> _Work request_
Search the entries below. Return every line that has "complete" in it.

> _Information_
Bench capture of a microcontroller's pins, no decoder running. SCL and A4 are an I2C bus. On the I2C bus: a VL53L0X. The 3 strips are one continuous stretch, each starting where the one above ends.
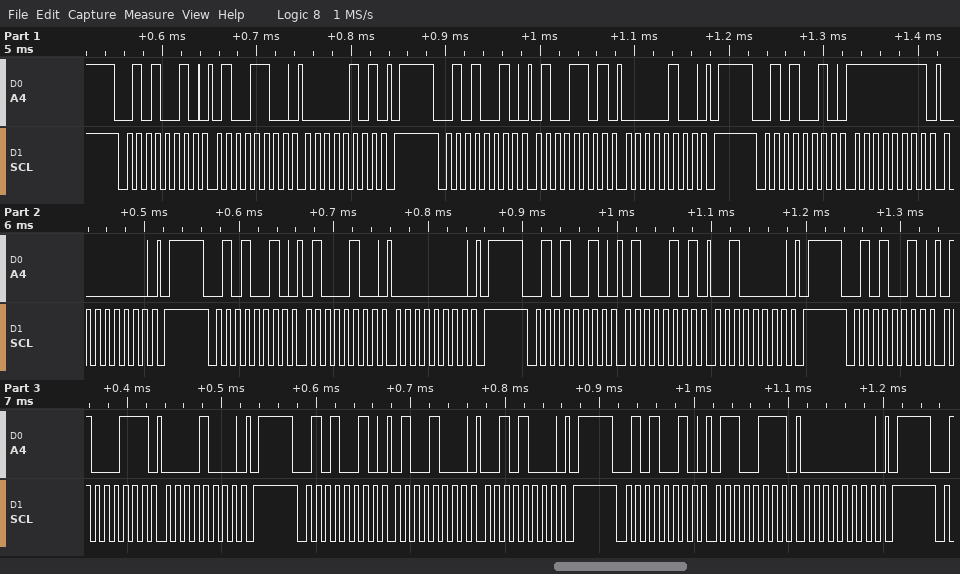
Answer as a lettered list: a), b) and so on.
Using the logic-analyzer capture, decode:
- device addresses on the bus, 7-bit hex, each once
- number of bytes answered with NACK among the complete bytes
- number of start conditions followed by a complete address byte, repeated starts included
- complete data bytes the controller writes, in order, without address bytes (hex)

> _The answer_
- number of bytes answered with NACK among the complete bytes
- number of start conditions followed by a complete address byte, repeated starts included
- complete data bytes the controller writes, in order, without address bytes (hex)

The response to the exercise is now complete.